Reunindo toda sabedoria adquirida por anos, tentou a rainha. — Um voto de confiança. Digamos assim.

Maeve riu seco. O desdém em suas próximas palavras.

— Eu nunca vou confiar em nenhum mago ou qualquer ser que exista em Adira novamente.

— Confia em Guia.

Lembrou Davina, e se arrependeu por cutucar o leão com vara curta.

Maeve se fechou, notando que tinha falado demais para seu próprio bem, e encostando a cabeça na parede buscando apoio, ela pousou suas mãos em seus joelhos e permaneceu assim até Davina se tocar que ela não queria saber de mais nada. A rainha já tinha dito suas intenções, e agora que Maeve sabia iria recuar e permitir que a outra fosse embora quando se cansasse, assim levaria sua arrogância com ela. Para o azar de Maeve, ela não foi tão cedo, e insistiu.

— Gostaria de saber que relação havia entre vocês, além dos dois serem escolhidos.

Os lábios de Maeve se curvaram um pouco, era a primeira vez que sorria desde sua volta, era estranho se divertir com a curiosidade recente da mulher, mas nada respondeu, e Davina, que era um poço de calma e quietude um segundo atrás, se alterou.

— Responda. — exigiu — Deve colaborar!

Maeve fingiu interesse nas palavras vazias. — Porque faria?

— Posso te ajudar! Posso salvá-la e deixar que faça o que nasceu para fazer. Apesar de ser um mago, uma raça distinta da sua, sei que nós no fim queremos a mesma coisa.

Davina parecia desesperada quando dizia as palavras e apertava a grade da cela com força ao mesmo tempo. Maeve poderia tentar atacá-la, tentar discutir, mas estava cansada do rumo da conversa, e não teria chances, a cela tinha uma barreira protetora que se ela encostasse desmaiaria de tão fraca que estava. Por fim, apenas esclareceu.

— Seu discurso não me comove. Eu não quero a sua ajuda ou qualquer coisa que venha de vocês. E se pensa que haverá qualquer acordo entre nós, está enganada. O que eu puder fazer para ser inútil para qualquer mago, fênix ou pessoa que acha que pode me controlar, farei, com maior prazer.
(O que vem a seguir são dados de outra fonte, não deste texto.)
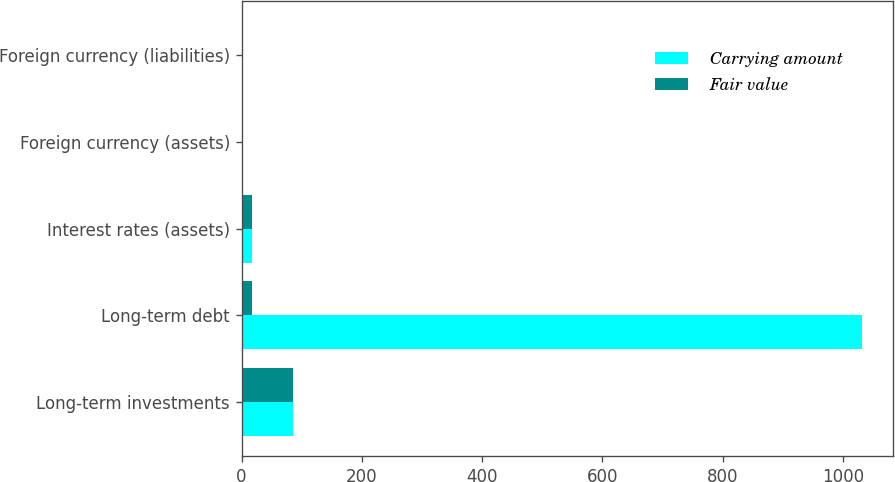Convert chart to OTSL. <chart><loc_0><loc_0><loc_500><loc_500><stacked_bar_chart><ecel><fcel>Long-term investments<fcel>Long-term debt<fcel>Interest rates (assets)<fcel>Foreign currency (assets)<fcel>Foreign currency (liabilities)<nl><fcel>Carrying amount<fcel>86.1<fcel>1031.5<fcel>16.7<fcel>0.9<fcel>1.9<nl><fcel>Fair value<fcel>86.1<fcel>16.7<fcel>16.7<fcel>0.9<fcel>1.9<nl></chart> 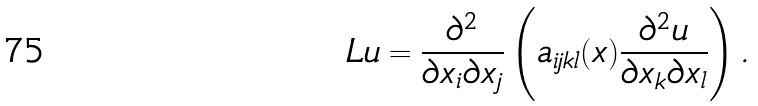Convert formula to latex. <formula><loc_0><loc_0><loc_500><loc_500>L u = \frac { \partial ^ { 2 } } { \partial x _ { i } \partial x _ { j } } \left ( a _ { i j k l } ( x ) \frac { \partial ^ { 2 } u } { \partial x _ { k } \partial x _ { l } } \right ) .</formula> 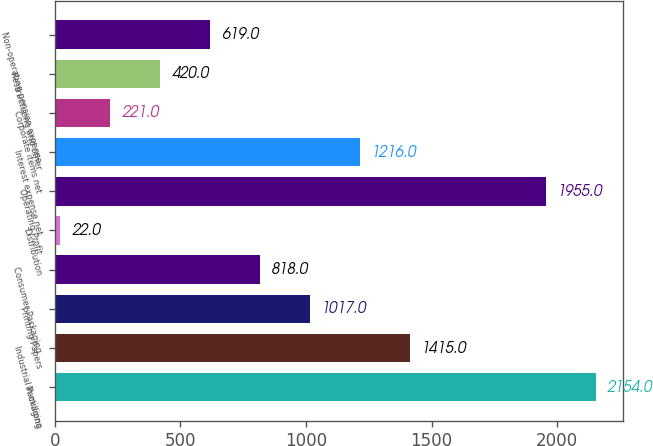Convert chart. <chart><loc_0><loc_0><loc_500><loc_500><bar_chart><fcel>In millions<fcel>Industrial Packaging<fcel>Printing Papers<fcel>Consumer Packaging<fcel>Distribution<fcel>Operating Profit<fcel>Interest expense net<fcel>Corporate items net<fcel>Restructuring and other<fcel>Non-operating pension expense<nl><fcel>2154<fcel>1415<fcel>1017<fcel>818<fcel>22<fcel>1955<fcel>1216<fcel>221<fcel>420<fcel>619<nl></chart> 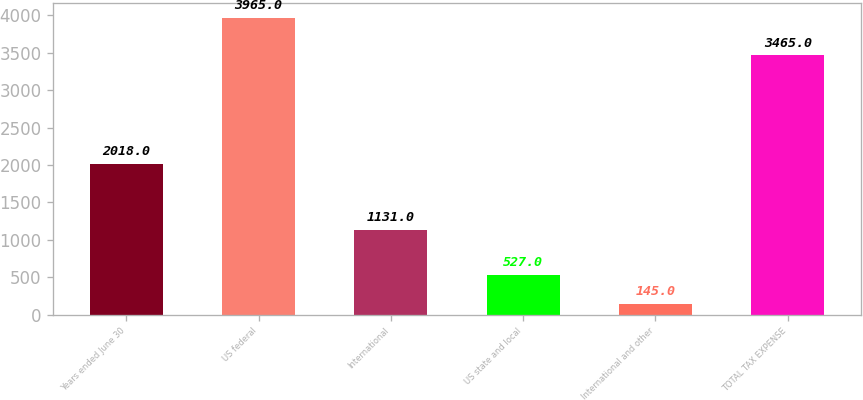Convert chart. <chart><loc_0><loc_0><loc_500><loc_500><bar_chart><fcel>Years ended June 30<fcel>US federal<fcel>International<fcel>US state and local<fcel>International and other<fcel>TOTAL TAX EXPENSE<nl><fcel>2018<fcel>3965<fcel>1131<fcel>527<fcel>145<fcel>3465<nl></chart> 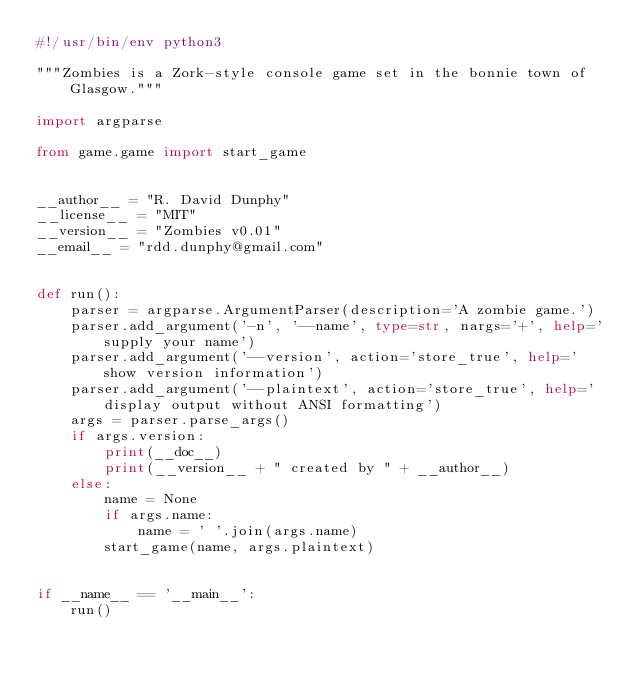Convert code to text. <code><loc_0><loc_0><loc_500><loc_500><_Python_>#!/usr/bin/env python3

"""Zombies is a Zork-style console game set in the bonnie town of Glasgow."""

import argparse

from game.game import start_game


__author__ = "R. David Dunphy"
__license__ = "MIT"
__version__ = "Zombies v0.01"
__email__ = "rdd.dunphy@gmail.com"


def run():
    parser = argparse.ArgumentParser(description='A zombie game.')
    parser.add_argument('-n', '--name', type=str, nargs='+', help='supply your name')
    parser.add_argument('--version', action='store_true', help='show version information')
    parser.add_argument('--plaintext', action='store_true', help='display output without ANSI formatting')
    args = parser.parse_args()
    if args.version:
        print(__doc__)
        print(__version__ + " created by " + __author__)
    else:
        name = None
        if args.name:
            name = ' '.join(args.name)
        start_game(name, args.plaintext)


if __name__ == '__main__':
    run()
</code>

Maeve sentiu sua pulsação na garganta e fechou os olhos ao perceber que poderia ter desespero em seu olhar. Sua postura poderia ser descontraída, mas estava nervosa e chateada.

Quando Davina finalmente se cansou, disse.

— Mandarei trazer seu café e almoço, precisa estar forte para quando começar a lutar.

Maeve abriu um dos olhos e viu a mulher se afastando. 

Depois daquela conversa seu dia inteiro foi comprometido.